### RECORD SET
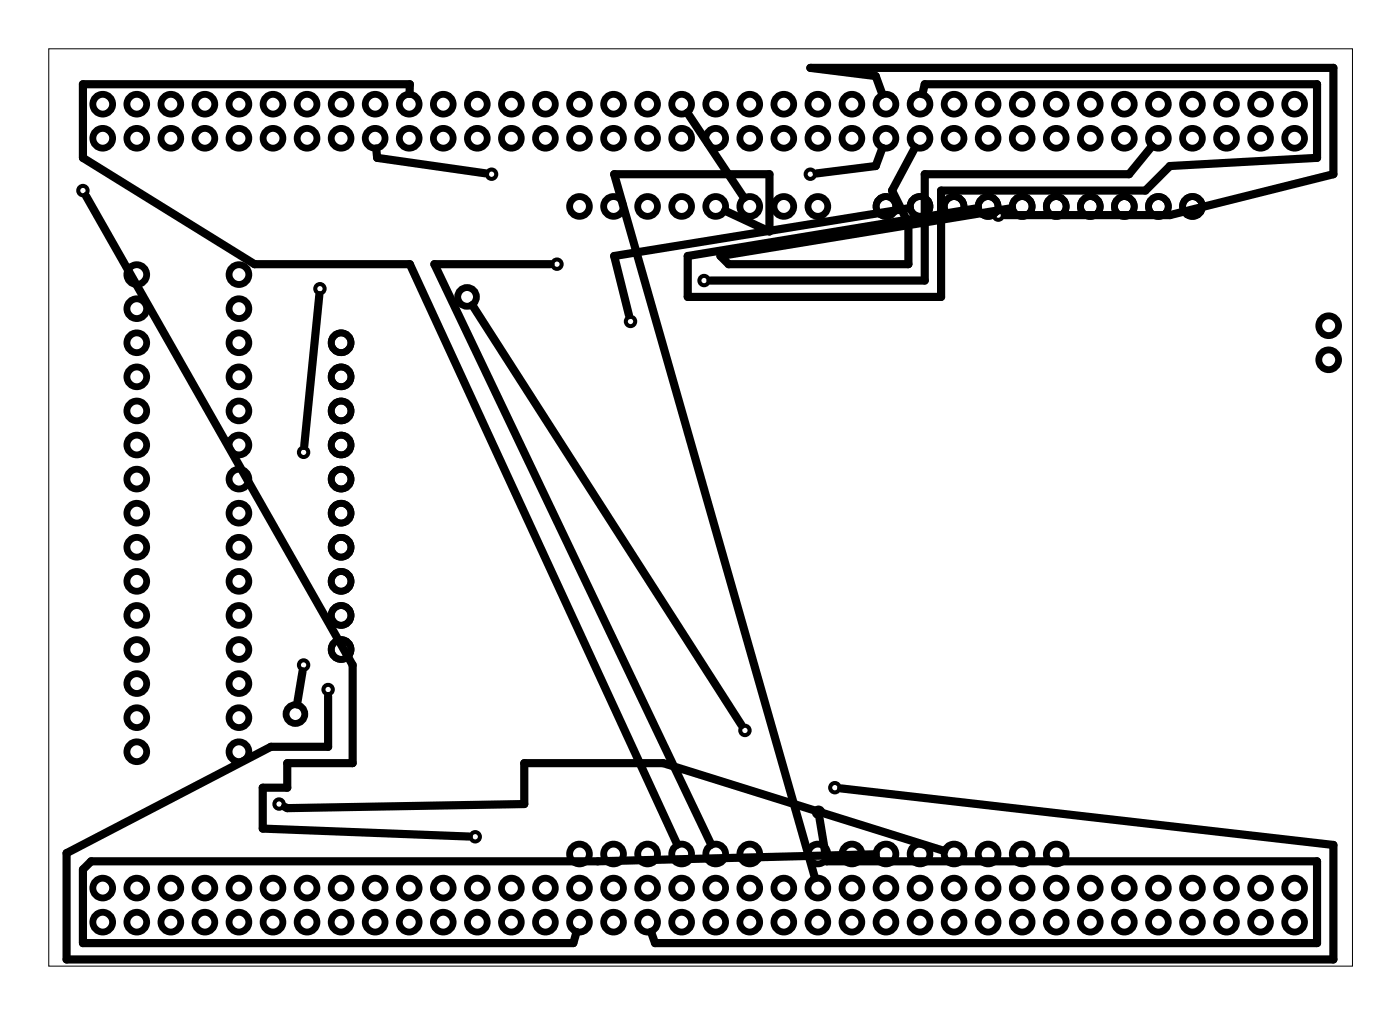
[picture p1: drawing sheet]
<svg xmlns="http://www.w3.org/2000/svg" width="104mm" height="75mm" viewBox="0 0 104 75" stroke-linecap="round" stroke-linejoin="round" font-family="sans-serif">
<path d="M3.6 3.6h97.3v68.4h-97.3z" fill="none" stroke="#000" stroke-width=".07"/>
<g fill="none" stroke="#000" stroke-width=".51">
<circle cx="7.7" cy="10.3" r=".74"/>
<circle cx="7.7" cy="7.8" r=".74"/>
<circle cx="10.2" cy="10.3" r=".74"/>
<circle cx="10.2" cy="7.8" r=".74"/>
<circle cx="12.7" cy="7.8" r=".74"/>
<circle cx="12.7" cy="10.3" r=".74"/>
<circle cx="15.3" cy="10.3" r=".74"/>
<circle cx="15.3" cy="7.8" r=".74"/>
<circle cx="17.8" cy="7.8" r=".74"/>
<circle cx="17.8" cy="10.3" r=".74"/>
<circle cx="20.4" cy="10.3" r=".74"/>
<circle cx="20.4" cy="7.8" r=".74"/>
<circle cx="22.9" cy="10.3" r=".74"/>
<circle cx="22.9" cy="7.8" r=".74"/>
<circle cx="25.4" cy="10.3" r=".74"/>
<circle cx="25.4" cy="7.8" r=".74"/>
<circle cx="28" cy="10.3" r=".74"/>
<circle cx="28" cy="7.8" r=".74"/>
<circle cx="30.5" cy="10.3" r=".74"/>
<circle cx="30.5" cy="7.8" r=".74"/>
<circle cx="33.1" cy="10.3" r=".74"/>
<circle cx="33.1" cy="7.8" r=".74"/>
<circle cx="35.6" cy="10.3" r=".74"/>
<circle cx="35.6" cy="7.8" r=".74"/>
<circle cx="38.1" cy="10.3" r=".74"/>
<circle cx="38.1" cy="7.8" r=".74"/>
<circle cx="40.7" cy="10.3" r=".74"/>
<circle cx="40.7" cy="7.8" r=".74"/>
<circle cx="43.2" cy="10.3" r=".74"/>
<circle cx="43.2" cy="7.8" r=".74"/>
<circle cx="43.2" cy="15.4" r=".74"/>
<circle cx="45.8" cy="7.8" r=".74"/>
<circle cx="45.8" cy="10.3" r=".74"/>
<circle cx="45.8" cy="15.4" r=".74"/>
<circle cx="48.3" cy="10.3" r=".74"/>
<circle cx="48.3" cy="7.8" r=".74"/>
<circle cx="48.3" cy="15.4" r=".74"/>
<circle cx="50.8" cy="10.3" r=".74"/>
<circle cx="50.8" cy="7.8" r=".74"/>
<circle cx="50.8" cy="15.4" r=".74"/>
<circle cx="53.4" cy="10.3" r=".74"/>
<circle cx="53.4" cy="7.8" r=".74"/>
<circle cx="53.4" cy="15.4" r=".74"/>
<circle cx="55.9" cy="10.3" r=".74"/>
<circle cx="55.9" cy="7.8" r=".74"/>
<circle cx="55.9" cy="15.4" r=".74"/>
<circle cx="58.5" cy="7.8" r=".74"/>
<circle cx="58.5" cy="10.3" r=".74"/>
<circle cx="58.5" cy="15.4" r=".74"/>
<circle cx="61" cy="10.3" r=".74"/>
<circle cx="61" cy="7.8" r=".74"/>
<circle cx="61" cy="15.4" r=".74"/>
<circle cx="63.5" cy="10.3" r=".74"/>
<circle cx="63.5" cy="7.8" r=".74"/>
<circle cx="66.1" cy="10.3" r=".74"/>
<circle cx="66.1" cy="7.8" r=".74"/>
<circle cx="66.1" cy="15.4" r=".74"/>
<circle cx="68.6" cy="10.3" r=".74"/>
<circle cx="68.6" cy="7.8" r=".74"/>
<circle cx="68.6" cy="15.4" r=".74"/>
<circle cx="71.2" cy="10.3" r=".74"/>
<circle cx="71.2" cy="7.8" r=".74"/>
<circle cx="71.2" cy="15.4" r=".74"/>
<circle cx="73.7" cy="10.3" r=".74"/>
<circle cx="73.7" cy="7.8" r=".74"/>
<circle cx="73.7" cy="15.4" r=".74"/>
<circle cx="76.2" cy="10.3" r=".74"/>
<circle cx="76.2" cy="7.8" r=".74"/>
<circle cx="76.2" cy="15.4" r=".74"/>
<circle cx="78.8" cy="10.3" r=".74"/>
<circle cx="78.8" cy="7.8" r=".74"/>
<circle cx="78.8" cy="15.4" r=".74"/>
<circle cx="81.3" cy="7.8" r=".74"/>
<circle cx="81.3" cy="10.3" r=".74"/>
<circle cx="81.3" cy="15.4" r=".74"/>
<circle cx="83.9" cy="7.8" r=".74"/>
<circle cx="83.9" cy="10.3" r=".74"/>
<circle cx="83.9" cy="15.4" r=".74"/>
<circle cx="86.4" cy="10.3" r=".74"/>
<circle cx="86.4" cy="7.8" r=".74"/>
<circle cx="86.4" cy="15.4" r=".74"/>
<circle cx="88.9" cy="7.8" r=".74"/>
<circle cx="88.9" cy="10.3" r=".74"/>
<circle cx="88.9" cy="15.4" r=".74"/>
<circle cx="91.5" cy="7.8" r=".74"/>
<circle cx="91.5" cy="10.3" r=".74"/>
<circle cx="94" cy="7.8" r=".74"/>
<circle cx="94" cy="10.3" r=".74"/>
<circle cx="96.6" cy="7.8" r=".74"/>
<circle cx="96.6" cy="10.3" r=".74"/>
<circle cx="10.2" cy="30.6" r=".74"/>
<circle cx="10.2" cy="28.1" r=".74"/>
<circle cx="10.2" cy="25.5" r=".74"/>
<circle cx="10.2" cy="23" r=".74"/>
<circle cx="10.2" cy="20.5" r=".74"/>
<circle cx="10.2" cy="33.2" r=".74"/>
<circle cx="10.2" cy="35.7" r=".74"/>
<circle cx="10.2" cy="38.2" r=".74"/>
<circle cx="17.8" cy="20.5" r=".74"/>
<circle cx="17.8" cy="30.6" r=".74"/>
<circle cx="17.8" cy="25.5" r=".74"/>
<circle cx="17.8" cy="33.2" r=".74"/>
<circle cx="17.8" cy="23" r=".74"/>
<circle cx="17.8" cy="28.1" r=".74"/>
<circle cx="17.8" cy="35.7" r=".74"/>
<circle cx="17.8" cy="38.2" r=".74"/>
<circle cx="25.4" cy="33.2" r=".74"/>
<circle cx="25.4" cy="35.7" r=".74"/>
<circle cx="25.4" cy="30.6" r=".74"/>
<circle cx="25.4" cy="38.2" r=".74"/>
<circle cx="25.4" cy="28.1" r=".74"/>
<circle cx="25.4" cy="25.5" r=".74"/>
<circle cx="34.8" cy="22.1" r=".7"/>
<circle cx="99.1" cy="24.3" r=".74"/>
<circle cx="99.1" cy="26.8" r=".74"/>
<circle cx="10.2" cy="53.5" r=".74"/>
<circle cx="10.2" cy="56" r=".74"/>
<circle cx="10.2" cy="50.9" r=".74"/>
<circle cx="10.2" cy="48.4" r=".74"/>
<circle cx="10.2" cy="45.9" r=".74"/>
<circle cx="10.2" cy="43.3" r=".74"/>
<circle cx="10.2" cy="40.8" r=".74"/>
<circle cx="17.8" cy="53.5" r=".74"/>
<circle cx="17.8" cy="56" r=".74"/>
<circle cx="17.8" cy="48.4" r=".74"/>
<circle cx="17.8" cy="50.9" r=".74"/>
<circle cx="17.8" cy="43.3" r=".74"/>
<circle cx="17.8" cy="45.9" r=".74"/>
<circle cx="17.8" cy="40.8" r=".74"/>
<circle cx="22" cy="53.2" r=".7"/>
<circle cx="25.4" cy="43.3" r=".74"/>
<circle cx="25.4" cy="40.8" r=".74"/>
<circle cx="25.4" cy="48.4" r=".74"/>
<circle cx="25.4" cy="45.9" r=".74"/>
<circle cx="7.7" cy="66.2" r=".74"/>
<circle cx="7.7" cy="68.7" r=".74"/>
<circle cx="10.2" cy="68.7" r=".74"/>
<circle cx="10.2" cy="66.2" r=".74"/>
<circle cx="12.7" cy="66.2" r=".74"/>
<circle cx="12.7" cy="68.7" r=".74"/>
<circle cx="15.3" cy="66.2" r=".74"/>
<circle cx="15.3" cy="68.7" r=".74"/>
<circle cx="17.8" cy="66.2" r=".74"/>
<circle cx="17.8" cy="68.7" r=".74"/>
<circle cx="20.4" cy="68.7" r=".74"/>
<circle cx="20.4" cy="66.2" r=".74"/>
<circle cx="22.9" cy="68.7" r=".74"/>
<circle cx="22.9" cy="66.2" r=".74"/>
<circle cx="25.4" cy="66.2" r=".74"/>
<circle cx="25.4" cy="68.7" r=".74"/>
<circle cx="28" cy="66.2" r=".74"/>
<circle cx="28" cy="68.7" r=".74"/>
<circle cx="30.5" cy="66.2" r=".74"/>
<circle cx="30.5" cy="68.7" r=".74"/>
<circle cx="33.1" cy="66.2" r=".74"/>
<circle cx="33.1" cy="68.7" r=".74"/>
<circle cx="35.6" cy="66.2" r=".74"/>
<circle cx="35.6" cy="68.7" r=".74"/>
<circle cx="38.1" cy="66.2" r=".74"/>
<circle cx="38.1" cy="68.7" r=".74"/>
<circle cx="40.7" cy="66.2" r=".74"/>
<circle cx="40.7" cy="68.7" r=".74"/>
<circle cx="43.2" cy="66.2" r=".74"/>
<circle cx="43.2" cy="68.7" r=".74"/>
<circle cx="43.2" cy="63.6" r=".74"/>
<circle cx="45.8" cy="66.2" r=".74"/>
<circle cx="45.8" cy="68.7" r=".74"/>
<circle cx="45.8" cy="63.6" r=".74"/>
<circle cx="48.3" cy="66.2" r=".74"/>
<circle cx="48.3" cy="68.7" r=".74"/>
<circle cx="48.3" cy="63.6" r=".74"/>
<circle cx="50.8" cy="66.2" r=".74"/>
<circle cx="50.8" cy="68.7" r=".74"/>
<circle cx="50.8" cy="63.6" r=".74"/>
<circle cx="53.4" cy="66.2" r=".74"/>
<circle cx="53.4" cy="68.7" r=".74"/>
<circle cx="53.4" cy="63.6" r=".74"/>
<circle cx="55.9" cy="66.2" r=".74"/>
<circle cx="55.9" cy="68.7" r=".74"/>
<circle cx="55.9" cy="63.6" r=".74"/>
<circle cx="58.5" cy="66.2" r=".74"/>
<circle cx="58.5" cy="68.7" r=".74"/>
<circle cx="61" cy="66.2" r=".74"/>
<circle cx="61" cy="68.7" r=".74"/>
<circle cx="61" cy="63.6" r=".74"/>
<circle cx="63.5" cy="66.2" r=".74"/>
<circle cx="63.5" cy="68.7" r=".74"/>
<circle cx="63.5" cy="63.6" r=".74"/>
<circle cx="66.1" cy="66.2" r=".74"/>
<circle cx="66.1" cy="68.7" r=".74"/>
<circle cx="66.1" cy="63.6" r=".74"/>
<circle cx="68.6" cy="66.2" r=".74"/>
<circle cx="68.6" cy="68.7" r=".74"/>
<circle cx="68.6" cy="63.6" r=".74"/>
<circle cx="71.2" cy="68.7" r=".74"/>
<circle cx="71.2" cy="66.2" r=".74"/>
<circle cx="71.2" cy="63.6" r=".74"/>
<circle cx="73.7" cy="66.2" r=".74"/>
<circle cx="73.7" cy="68.7" r=".74"/>
<circle cx="73.7" cy="63.6" r=".74"/>
<circle cx="76.2" cy="66.2" r=".74"/>
<circle cx="76.2" cy="68.7" r=".74"/>
<circle cx="76.2" cy="63.6" r=".74"/>
<circle cx="78.8" cy="66.2" r=".74"/>
<circle cx="78.8" cy="68.7" r=".74"/>
<circle cx="78.8" cy="63.6" r=".74"/>
<circle cx="81.3" cy="66.2" r=".74"/>
<circle cx="81.3" cy="68.7" r=".74"/>
<circle cx="83.9" cy="66.2" r=".74"/>
<circle cx="83.9" cy="68.7" r=".74"/>
<circle cx="86.4" cy="68.7" r=".74"/>
<circle cx="86.4" cy="66.2" r=".74"/>
<circle cx="88.9" cy="66.2" r=".74"/>
<circle cx="88.9" cy="68.7" r=".74"/>
<circle cx="91.5" cy="66.2" r=".74"/>
<circle cx="91.5" cy="68.7" r=".74"/>
<circle cx="94" cy="66.2" r=".74"/>
<circle cx="94" cy="68.7" r=".74"/>
<circle cx="96.6" cy="68.7" r=".74"/>
<circle cx="96.6" cy="66.2" r=".74"/>
</g>
<g fill="none" stroke="#000" stroke-width=".3">
<circle cx="6.2" cy="14.2" r=".35"/>
<circle cx="36.7" cy="13" r=".35"/>
<circle cx="41.5" cy="19.7" r=".35"/>
<circle cx="60.4" cy="13" r=".35"/>
<circle cx="74.5" cy="16" r=".35"/>
<circle cx="22.6" cy="33.7" r=".35"/>
<circle cx="23.9" cy="21.5" r=".35"/>
<circle cx="47" cy="24" r=".35"/>
<circle cx="52.5" cy="20.9" r=".35"/>
<circle cx="20.8" cy="59.9" r=".35"/>
<circle cx="22.6" cy="49.6" r=".35"/>
<circle cx="24.5" cy="51.4" r=".35"/>
<circle cx="55.6" cy="54.4" r=".35"/>
<circle cx="62.3" cy="58.7" r=".35"/>
<circle cx="35.4" cy="62.4" r=".35"/>
<circle cx="61" cy="60.5" r=".35"/>
</g>
<g fill="none" stroke="#000" stroke-width=".61">
<path d="M6.4 14.6l19.9 35v7.3h-4.9v1.8h-1.8v3.1l15.4 .5M28.1 11.1v.7l8.1 1.1M30.5 7l.1-.7h-24.4v5.5l12.8 7.9h11.6l19.9 43.3M41.1 19.7h-8.7l20.7 43.3M51.3 8.4l4.2 6.3M54.1 15.7l3.3 1.6v-4.3h-11.6l15 52.4M65.8 11l-.5 1.4-4.4 .5M65.8 7l-.5-1.3-4.9-.6h39.1v7.9l-12.2 3h-12.4M67.9 15.5l-22.1 3.6 1.1 4.4M68.3 11l-1.8 3.2 1.3 2.4v3.1h-13.5l-.6-.6 21.8-3.6M68.8 7l.2-.7h29.2v5.5l-10.9 .6-1.9 1.8h-15.2v7.9h-18.9v-3l21.6-3.6M85.9 10.9l-1.7 2.1h-15.2v7.9h-16"/>
<path d="M23.8 22l-1.1 11.2M35.2 22.7l20.1 31.3M22.6 50l-.4 2.5M24.5 51.9v3.8h-4.3l-15.2 7.9v7.9h94.5v-8.5l-36.8-4.2M21.2 60.1l.2 .1 17.7-.3v-3h10.4l20.9 6.5M61.1 61l.6 3.2h36.5v6.1h-49.3l-.3-.9M65.3 63.7l-20.7 .5h-37.8l-.6 .6v5.5h36.6l.2-.8"/>
</g>
</svg>

### REQUIRED ACTION
Pull each line that includes the word "none" out of the material above.

### ANSWER
<path d="M3.6 3.6h97.3v68.4h-97.3z" fill="none" stroke="#000" stroke-width=".07"/>
<g fill="none" stroke="#000" stroke-width=".51">
<g fill="none" stroke="#000" stroke-width=".3">
<g fill="none" stroke="#000" stroke-width=".61">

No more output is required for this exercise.